In the Matlab code, as usual, we proceed to do the following steps

Compile CUDA code
Setup the arguments
Function call
Exhibit results

%% Compiling
mexcuda interpolate_cuda.cu

Next, we prepare the inputs to the function. For interpolation, we need the input signal, the filter and the sampling-factor. For the input-signal, we create a simple sinusoid of frequency 100 with a sampling factor of 16KHz.
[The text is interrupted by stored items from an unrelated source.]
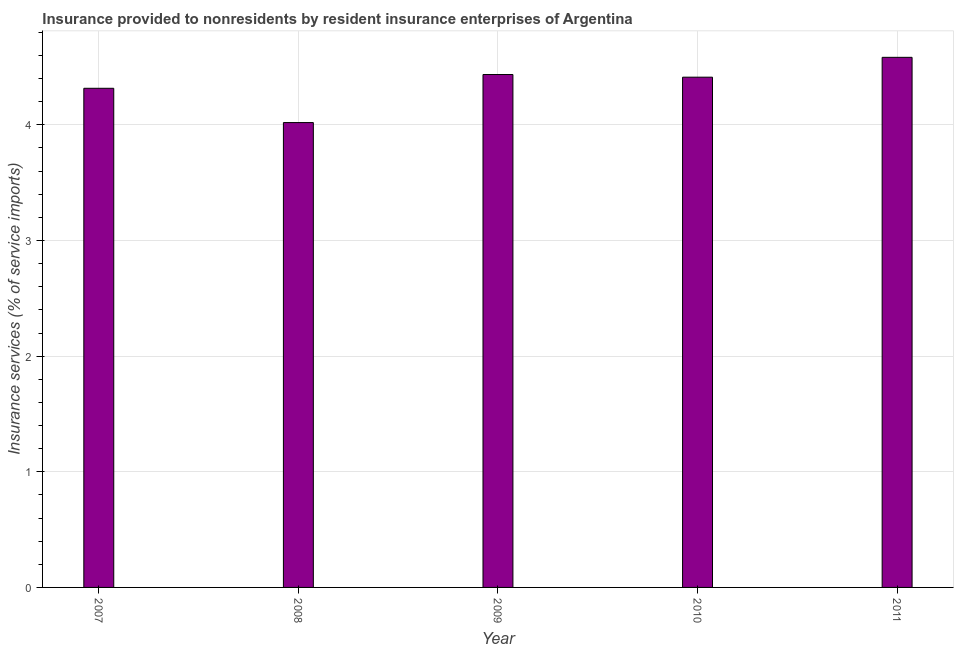Does the graph contain any zero values?
Offer a very short reply. No. What is the title of the graph?
Your answer should be very brief. Insurance provided to nonresidents by resident insurance enterprises of Argentina. What is the label or title of the X-axis?
Provide a succinct answer. Year. What is the label or title of the Y-axis?
Your response must be concise. Insurance services (% of service imports). What is the insurance and financial services in 2011?
Provide a short and direct response. 4.58. Across all years, what is the maximum insurance and financial services?
Give a very brief answer. 4.58. Across all years, what is the minimum insurance and financial services?
Your response must be concise. 4.02. In which year was the insurance and financial services maximum?
Make the answer very short. 2011. What is the sum of the insurance and financial services?
Ensure brevity in your answer.  21.77. What is the difference between the insurance and financial services in 2008 and 2009?
Your response must be concise. -0.42. What is the average insurance and financial services per year?
Keep it short and to the point. 4.35. What is the median insurance and financial services?
Ensure brevity in your answer.  4.41. Do a majority of the years between 2011 and 2010 (inclusive) have insurance and financial services greater than 0.8 %?
Offer a very short reply. No. What is the ratio of the insurance and financial services in 2008 to that in 2010?
Offer a terse response. 0.91. Is the insurance and financial services in 2008 less than that in 2011?
Keep it short and to the point. Yes. Is the difference between the insurance and financial services in 2009 and 2011 greater than the difference between any two years?
Offer a very short reply. No. What is the difference between the highest and the second highest insurance and financial services?
Keep it short and to the point. 0.15. Is the sum of the insurance and financial services in 2007 and 2009 greater than the maximum insurance and financial services across all years?
Ensure brevity in your answer.  Yes. What is the difference between the highest and the lowest insurance and financial services?
Provide a succinct answer. 0.56. Are all the bars in the graph horizontal?
Offer a terse response. No. How many years are there in the graph?
Ensure brevity in your answer.  5. Are the values on the major ticks of Y-axis written in scientific E-notation?
Offer a very short reply. No. What is the Insurance services (% of service imports) in 2007?
Your answer should be very brief. 4.32. What is the Insurance services (% of service imports) in 2008?
Keep it short and to the point. 4.02. What is the Insurance services (% of service imports) in 2009?
Ensure brevity in your answer.  4.44. What is the Insurance services (% of service imports) of 2010?
Ensure brevity in your answer.  4.41. What is the Insurance services (% of service imports) of 2011?
Make the answer very short. 4.58. What is the difference between the Insurance services (% of service imports) in 2007 and 2008?
Give a very brief answer. 0.3. What is the difference between the Insurance services (% of service imports) in 2007 and 2009?
Your answer should be compact. -0.12. What is the difference between the Insurance services (% of service imports) in 2007 and 2010?
Make the answer very short. -0.1. What is the difference between the Insurance services (% of service imports) in 2007 and 2011?
Provide a succinct answer. -0.27. What is the difference between the Insurance services (% of service imports) in 2008 and 2009?
Offer a very short reply. -0.42. What is the difference between the Insurance services (% of service imports) in 2008 and 2010?
Ensure brevity in your answer.  -0.39. What is the difference between the Insurance services (% of service imports) in 2008 and 2011?
Your response must be concise. -0.56. What is the difference between the Insurance services (% of service imports) in 2009 and 2010?
Offer a very short reply. 0.02. What is the difference between the Insurance services (% of service imports) in 2009 and 2011?
Ensure brevity in your answer.  -0.15. What is the difference between the Insurance services (% of service imports) in 2010 and 2011?
Ensure brevity in your answer.  -0.17. What is the ratio of the Insurance services (% of service imports) in 2007 to that in 2008?
Provide a short and direct response. 1.07. What is the ratio of the Insurance services (% of service imports) in 2007 to that in 2011?
Offer a terse response. 0.94. What is the ratio of the Insurance services (% of service imports) in 2008 to that in 2009?
Your response must be concise. 0.91. What is the ratio of the Insurance services (% of service imports) in 2008 to that in 2010?
Give a very brief answer. 0.91. What is the ratio of the Insurance services (% of service imports) in 2008 to that in 2011?
Offer a terse response. 0.88. What is the ratio of the Insurance services (% of service imports) in 2009 to that in 2010?
Your answer should be very brief. 1.

For the filter, we design a low-pass FIR filter of order 11.

%% Preparing inputs
interpolatingFactor = 2;
samplingFrequency = 16000;
frequency0 = 100;
timeArray = 0:(1/samplingFrequency):1e-1;
inputArray = sin(2*pi*frequency0*timeArray);

%% design filter
filter_order = 11;
filter_cutoff = (1/interpolatingFactor);
filter_window = hamming(filter_order+1);
filterKernel = fir1(filter_order,
                    filter_cutoff, 
                    'low', 
                    filter_window);
filterKernel = interpolatingFactor*filterKernel(:);

Next, we call the kernel, receive the output and plot the before and after.

%% calling the function
outputArray = interpolate_cuda(inputArray(:), filterKernel(:), interpolatingFactor(:));

%% plotting
figure(1);
subplot(2,1,1); plot(inputArray); title("Input Signal");
subplot(2,1,2); plot(outputArray); title("Interpolated Signal");

Final Matlab Code#

Putting it all together we get the following

%{
    Aim: Demonstrating CUDA Implementation of Signal Interpolation
%}

%% Basic Setup
clc; clear; close all;

%% Compiling
mexcuda interpolate_cuda.cu

%% Preparing inputs
interpolatingFactor = 2;
samplingFrequency = 16000;
frequency0 = 100;
timeArray = 0:(1/samplingFrequency):1e-1;
inputArray = sin(2*pi*frequency0*timeArray);

%% design filter
filter_order = 11;
filter_cutoff = (1/interpolatingFactor);
filter_window = hamming(filter_order+1);
filterKernel = fir1(filter_order, filter_cutoff, 'low', filter_window);
filterKernel = interpolatingFactor*filterKernel(:);

%% calling the function
outputArray = interpolate_cuda(inputArray(:), filterKernel(:), interpolatingFactor(:));

%% plotting
figure(1);
subplot(2,1,1); plot(inputArray); title("Input Signal");
subplot(2,1,2); plot(outputArray); title("Interpolated Signal");

CUDA Code#

For the CUDA part, we define two functions: the mex-gateway function, up-sampling kernel, and the convolution kernel-definition.

Upsampling Kernel#

The kernel takes in the following arguments

Pointer to the input-signal in the GPU memory-space
Sampling factor
Pointer to the memory allocated for the output, in the GPU memory-space
Pointer to the array containing input-array dimensions.

// upsampling kernel
__global__ void upsample_cuda(double *d_inputPointerA,
                                const int samplingFactor,
                                double *d_outputPointer,
                                mwSize *d_inputDimensionsA)
{
    ...
}

Next, we assign the threads to the data-index it is responsible for. The mapping is produced in the following manner

    // getting global address
    const int tidx = threadIdx.x + blockIdx.x*blockDim.x;

    // mapping and miscellaneous
    const int responsibleIndex = tidx*samplingFactor;
    const int inputLength = (int)d_inputDimensionsA[0];

Next, we check the validity of the index assigned and based on that, we assign the values. This is upsampling, since it is the first step in interpolation.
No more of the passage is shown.